Monotonicity testing of Boolean functions on the hypergrid, $f:[n]^d \to \{0,1\}$, is a classic topic in property testing. Determining the non-adaptive complexity of this problem is an important open question. For arbitrary $n$, [Black-Chakrabarty-Seshadhri, SODA 2020] describe a tester with query complexity $\widetilde{O}(\varepsilon^{-4/3}d^{5/6})$. This complexity is independent of $n$, but has a suboptimal dependence on $d$. Recently, [Braverman-Khot-Kindler-Minzer, ITCS 2023] and [Black-Chakrabarty-Seshadhri, STOC 2023] describe $\widetilde{O}(\varepsilon^{-2} n^3\sqrt{d})$ and $\widetilde{O}(\varepsilon^{-2} n\sqrt{d})$-query testers, respectively. These testers have an almost optimal dependence on $d$, but a suboptimal polynomial dependence on $n$. In this paper, we describe a non-adaptive, one-sided monotonicity tester with query complexity $O(\varepsilon^{-2} d^{1/2 + o(1)})$, independent of $n$. Up to the $d^{o(1)}$-factors, our result resolves the non-adaptive complexity of monotonicity testing for Boolean functions on hypergrids. The independence of $n$ yields a non-adaptive, one-sided $O(\varepsilon^{-2} d^{1/2 + o(1)})$-query monotonicity tester for Boolean functions $f:\mathbb{R}^d \to \{0,1\}$ associated with an arbitrary product measure.
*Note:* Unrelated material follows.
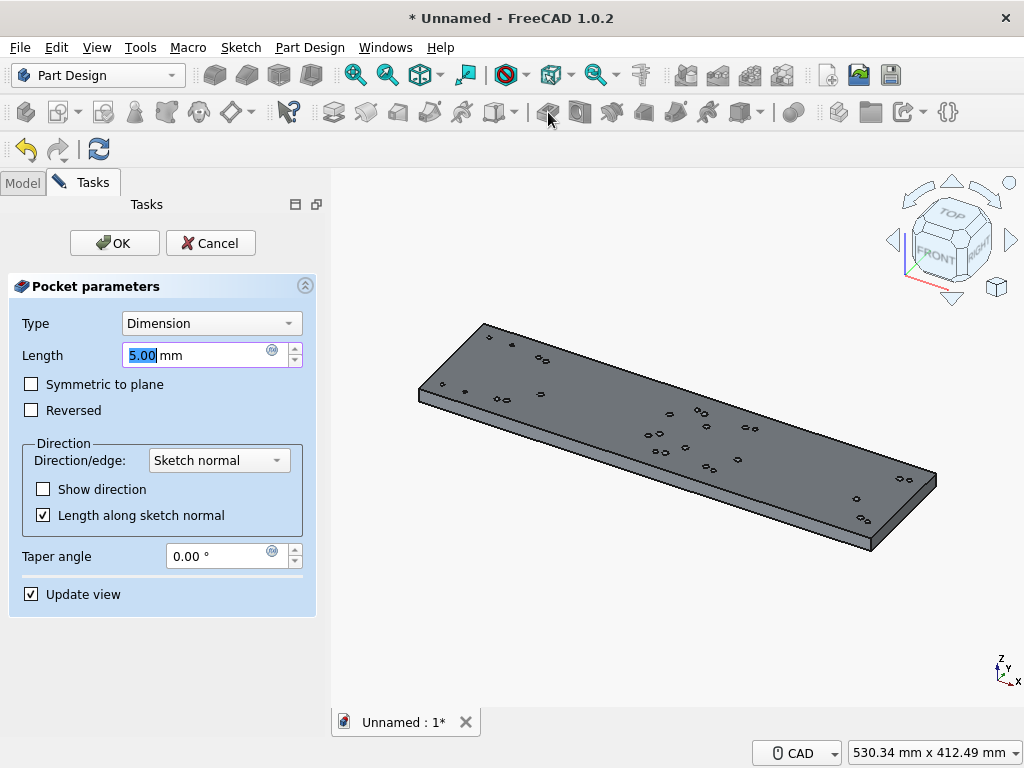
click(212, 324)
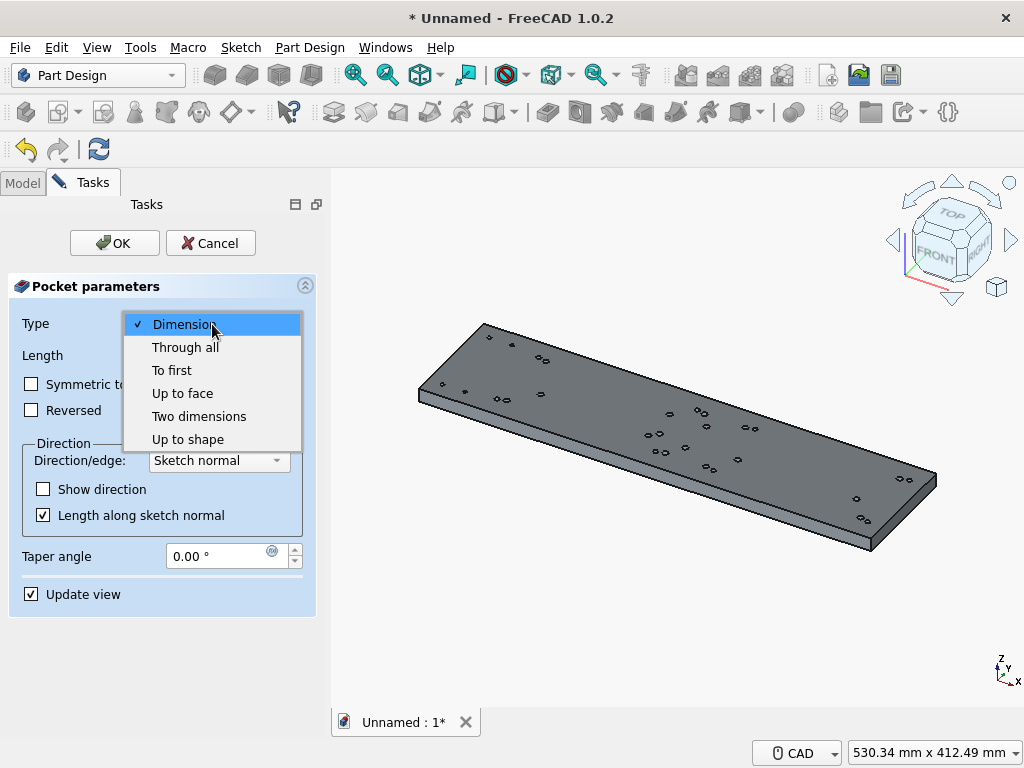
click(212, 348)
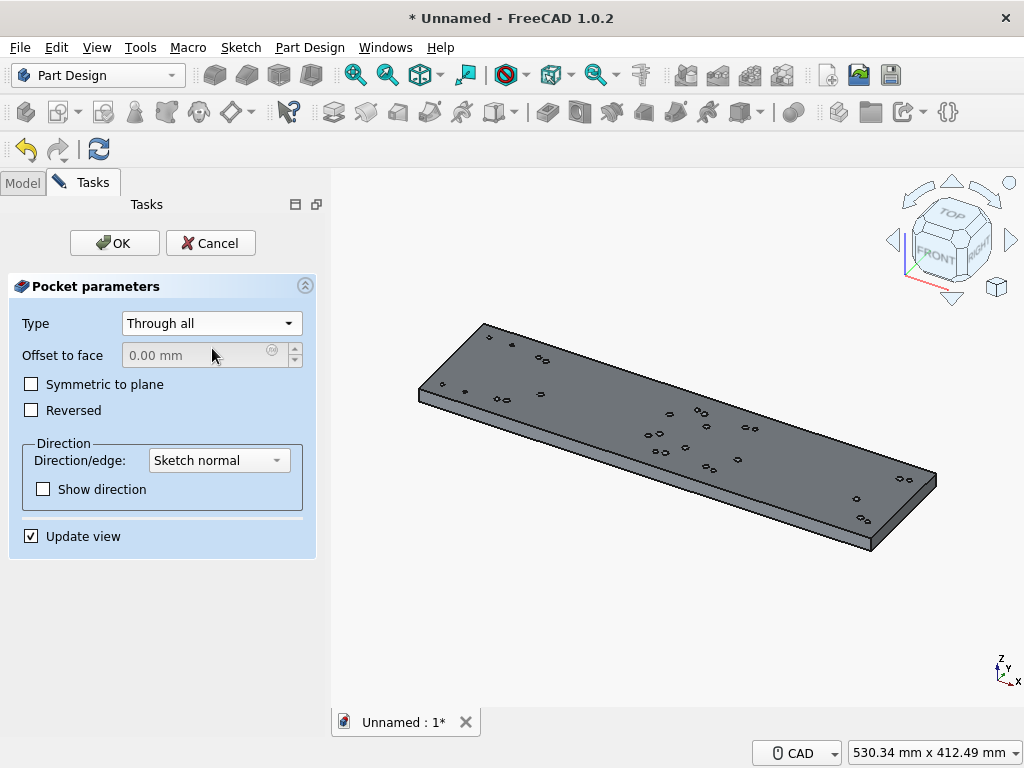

翻译：超网格上布尔函数 $f:[n]^d \to \{0,1\}$ 的单调性测试是性质检验中的一个经典课题。确定该问题的非适应复杂性是一个重要的开放性问题。对于任意 $n$，[Black-Chakrabarty-Seshadhri, SODA 2020] 描述了查询复杂度为 $\widetilde{O}(\varepsilon^{-4/3}d^{5/6})$ 的测试器。该复杂度与 $n$ 无关，但在 $d$ 上的依赖次优。最近，[Braverman-Khot-Kindler-Minzer, ITCS 2023] 和 [Black-Chakrabarty-Seshadhri, STOC 2023] 分别描述了 $\widetilde{O}(\varepsilon^{-2} n^3\sqrt{d})$ 和 $\widetilde{O}(\varepsilon^{-2} n\sqrt{d})$ 查询次数的测试器。这些测试器在 $d$ 上的依赖几乎最优，但在 $n$ 上的多项式依赖则是次优的。本文描述了一个非适应、单侧的单调性测试器，其查询复杂度为 $O(\varepsilon^{-2} d^{1/2 + o(1)})$，与 $n$ 无关。忽略 $d^{o(1)}$ 因子，我们的结果解决了超网格上布尔函数单调性测试的非适应复杂性。与 $n$ 的无关性为关联任意乘积测度的布尔函数 $f:\mathbb{R}^d \to \{0,1\}$ 提供了非适应、单侧的 $O(\varepsilon^{-2} d^{1/2 + o(1)})$ 查询次数的单调性测试器。